■ Your task: For this exercise, please reproduce the records below word for word, from the first line through the line with "18) cardboard box [1639,75,1690,143]".

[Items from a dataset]
--- START ---
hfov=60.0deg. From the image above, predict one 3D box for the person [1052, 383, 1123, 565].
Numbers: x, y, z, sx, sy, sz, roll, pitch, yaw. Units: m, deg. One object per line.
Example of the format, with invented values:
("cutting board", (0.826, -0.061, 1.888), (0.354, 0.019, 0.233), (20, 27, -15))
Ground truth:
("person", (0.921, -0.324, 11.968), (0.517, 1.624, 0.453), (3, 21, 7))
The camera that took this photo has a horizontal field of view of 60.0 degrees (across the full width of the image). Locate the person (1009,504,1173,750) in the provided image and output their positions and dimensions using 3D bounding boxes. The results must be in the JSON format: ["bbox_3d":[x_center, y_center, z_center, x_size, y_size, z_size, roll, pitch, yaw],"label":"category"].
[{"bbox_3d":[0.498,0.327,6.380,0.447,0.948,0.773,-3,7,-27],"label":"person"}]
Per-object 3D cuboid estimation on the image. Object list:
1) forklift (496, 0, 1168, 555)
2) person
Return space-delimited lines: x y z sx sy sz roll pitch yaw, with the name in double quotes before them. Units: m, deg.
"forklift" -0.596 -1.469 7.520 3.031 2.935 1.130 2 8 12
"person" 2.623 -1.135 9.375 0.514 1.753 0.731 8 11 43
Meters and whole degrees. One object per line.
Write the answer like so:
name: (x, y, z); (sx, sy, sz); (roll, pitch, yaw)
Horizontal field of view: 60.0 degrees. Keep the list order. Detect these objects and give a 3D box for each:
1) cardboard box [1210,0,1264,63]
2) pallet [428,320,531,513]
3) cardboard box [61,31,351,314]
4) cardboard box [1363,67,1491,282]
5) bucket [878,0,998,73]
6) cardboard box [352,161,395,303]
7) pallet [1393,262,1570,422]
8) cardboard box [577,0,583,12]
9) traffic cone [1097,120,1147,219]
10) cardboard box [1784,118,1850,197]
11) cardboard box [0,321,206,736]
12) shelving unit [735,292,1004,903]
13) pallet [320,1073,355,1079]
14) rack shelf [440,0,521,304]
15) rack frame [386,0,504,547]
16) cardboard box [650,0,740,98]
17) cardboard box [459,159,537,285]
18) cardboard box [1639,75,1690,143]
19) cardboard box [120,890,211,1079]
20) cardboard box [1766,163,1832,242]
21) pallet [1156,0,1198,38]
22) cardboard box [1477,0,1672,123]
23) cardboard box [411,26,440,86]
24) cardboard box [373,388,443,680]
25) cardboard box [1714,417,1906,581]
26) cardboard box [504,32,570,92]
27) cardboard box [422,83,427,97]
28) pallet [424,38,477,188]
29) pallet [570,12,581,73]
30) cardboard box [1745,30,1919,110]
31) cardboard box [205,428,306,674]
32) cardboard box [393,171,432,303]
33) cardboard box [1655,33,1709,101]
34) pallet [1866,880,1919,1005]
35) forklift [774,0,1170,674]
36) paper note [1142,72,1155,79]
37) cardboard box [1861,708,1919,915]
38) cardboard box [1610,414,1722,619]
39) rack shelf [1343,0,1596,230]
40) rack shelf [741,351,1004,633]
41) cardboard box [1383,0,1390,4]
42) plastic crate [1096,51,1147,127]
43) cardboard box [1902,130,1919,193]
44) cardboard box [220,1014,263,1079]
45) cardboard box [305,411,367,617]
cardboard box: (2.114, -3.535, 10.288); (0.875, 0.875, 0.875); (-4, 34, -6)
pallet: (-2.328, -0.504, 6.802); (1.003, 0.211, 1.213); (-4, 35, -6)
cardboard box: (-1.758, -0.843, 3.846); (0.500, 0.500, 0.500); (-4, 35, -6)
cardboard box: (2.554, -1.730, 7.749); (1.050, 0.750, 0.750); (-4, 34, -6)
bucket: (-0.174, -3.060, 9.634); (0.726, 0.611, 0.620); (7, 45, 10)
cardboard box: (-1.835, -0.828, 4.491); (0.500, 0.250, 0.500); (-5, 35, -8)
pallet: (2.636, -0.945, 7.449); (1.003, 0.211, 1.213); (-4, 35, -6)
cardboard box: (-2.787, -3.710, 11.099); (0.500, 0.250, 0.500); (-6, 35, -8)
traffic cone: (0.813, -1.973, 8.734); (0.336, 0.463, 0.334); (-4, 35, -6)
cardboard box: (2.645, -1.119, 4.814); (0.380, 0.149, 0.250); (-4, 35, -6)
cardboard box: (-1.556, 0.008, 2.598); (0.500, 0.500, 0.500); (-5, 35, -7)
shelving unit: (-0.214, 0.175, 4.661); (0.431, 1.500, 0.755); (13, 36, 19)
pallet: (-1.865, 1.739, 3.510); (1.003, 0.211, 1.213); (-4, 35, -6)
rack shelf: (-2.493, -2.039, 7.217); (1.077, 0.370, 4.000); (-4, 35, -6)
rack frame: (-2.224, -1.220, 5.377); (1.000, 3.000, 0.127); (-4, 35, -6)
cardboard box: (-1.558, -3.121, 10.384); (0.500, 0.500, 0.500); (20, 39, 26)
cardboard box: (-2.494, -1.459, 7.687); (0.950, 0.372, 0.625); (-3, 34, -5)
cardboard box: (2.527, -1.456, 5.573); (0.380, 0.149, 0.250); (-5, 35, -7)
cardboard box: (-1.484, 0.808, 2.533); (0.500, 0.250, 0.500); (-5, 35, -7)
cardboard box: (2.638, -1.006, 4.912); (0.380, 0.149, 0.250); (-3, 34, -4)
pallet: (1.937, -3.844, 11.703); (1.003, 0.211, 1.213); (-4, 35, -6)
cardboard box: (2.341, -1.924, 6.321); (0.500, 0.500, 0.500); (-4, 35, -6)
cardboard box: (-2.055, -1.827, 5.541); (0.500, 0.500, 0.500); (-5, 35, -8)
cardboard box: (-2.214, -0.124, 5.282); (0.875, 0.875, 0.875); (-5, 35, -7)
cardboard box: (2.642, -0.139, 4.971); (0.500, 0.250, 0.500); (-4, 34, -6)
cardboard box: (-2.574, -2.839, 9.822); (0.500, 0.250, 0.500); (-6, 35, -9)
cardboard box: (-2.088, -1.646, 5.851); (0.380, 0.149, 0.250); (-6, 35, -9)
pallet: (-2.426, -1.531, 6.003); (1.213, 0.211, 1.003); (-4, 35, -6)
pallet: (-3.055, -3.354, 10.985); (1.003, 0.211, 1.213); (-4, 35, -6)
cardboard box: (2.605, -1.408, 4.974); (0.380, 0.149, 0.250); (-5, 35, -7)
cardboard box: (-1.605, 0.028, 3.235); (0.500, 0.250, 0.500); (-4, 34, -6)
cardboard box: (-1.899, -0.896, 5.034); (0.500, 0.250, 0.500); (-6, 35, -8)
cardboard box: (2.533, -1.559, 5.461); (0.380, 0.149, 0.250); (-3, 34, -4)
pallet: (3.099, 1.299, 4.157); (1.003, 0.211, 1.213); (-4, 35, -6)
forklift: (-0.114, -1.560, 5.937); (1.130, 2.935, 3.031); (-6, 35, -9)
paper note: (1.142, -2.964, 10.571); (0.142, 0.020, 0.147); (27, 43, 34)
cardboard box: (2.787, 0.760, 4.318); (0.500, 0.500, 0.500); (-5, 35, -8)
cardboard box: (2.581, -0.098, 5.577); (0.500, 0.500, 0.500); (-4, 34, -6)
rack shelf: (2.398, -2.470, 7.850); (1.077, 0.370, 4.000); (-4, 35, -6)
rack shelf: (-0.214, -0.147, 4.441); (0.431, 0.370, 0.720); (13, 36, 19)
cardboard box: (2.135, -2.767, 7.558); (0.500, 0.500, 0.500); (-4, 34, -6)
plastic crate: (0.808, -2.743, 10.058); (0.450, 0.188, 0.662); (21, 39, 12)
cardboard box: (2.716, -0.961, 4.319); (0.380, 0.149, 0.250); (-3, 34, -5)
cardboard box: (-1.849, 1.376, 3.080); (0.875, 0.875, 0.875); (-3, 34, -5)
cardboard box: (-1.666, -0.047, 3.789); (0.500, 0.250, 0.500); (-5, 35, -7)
--- END ---
■ Written solution:
hfov=60.0deg. From the image above, predict one 3D box for the person [1052, 383, 1123, 565].
Numbers: x, y, z, sx, sy, sz, roll, pitch, yaw. Units: m, deg. One object per line.
Example of the format, with invented values:
("cutting board", (0.826, -0.061, 1.888), (0.354, 0.019, 0.233), (20, 27, -15))
Ground truth:
("person", (0.921, -0.324, 11.968), (0.517, 1.624, 0.453), (3, 21, 7))
The camera that took this photo has a horizontal field of view of 60.0 degrees (across the full width of the image). Locate the person (1009,504,1173,750) in the provided image and output their positions and dimensions using 3D bounding boxes. The results must be in the JSON format: ["bbox_3d":[x_center, y_center, z_center, x_size, y_size, z_size, roll, pitch, yaw],"label":"category"].
[{"bbox_3d":[0.498,0.327,6.380,0.447,0.948,0.773,-3,7,-27],"label":"person"}]
Per-object 3D cuboid estimation on the image. Object list:
1) forklift (496, 0, 1168, 555)
2) person
Return space-delimited lines: x y z sx sy sz roll pitch yaw, with the name in double quotes before them. Units: m, deg.
"forklift" -0.596 -1.469 7.520 3.031 2.935 1.130 2 8 12
"person" 2.623 -1.135 9.375 0.514 1.753 0.731 8 11 43
Meters and whole degrees. One object per line.
Write the answer like so:
name: (x, y, z); (sx, sy, sz); (roll, pitch, yaw)
Horizontal field of view: 60.0 degrees. Keep the list order. Detect these objects and give a 3D box for each:
1) cardboard box [1210,0,1264,63]
2) pallet [428,320,531,513]
3) cardboard box [61,31,351,314]
4) cardboard box [1363,67,1491,282]
5) bucket [878,0,998,73]
6) cardboard box [352,161,395,303]
7) pallet [1393,262,1570,422]
8) cardboard box [577,0,583,12]
9) traffic cone [1097,120,1147,219]
10) cardboard box [1784,118,1850,197]
11) cardboard box [0,321,206,736]
12) shelving unit [735,292,1004,903]
13) pallet [320,1073,355,1079]
14) rack shelf [440,0,521,304]
15) rack frame [386,0,504,547]
16) cardboard box [650,0,740,98]
17) cardboard box [459,159,537,285]
18) cardboard box [1639,75,1690,143]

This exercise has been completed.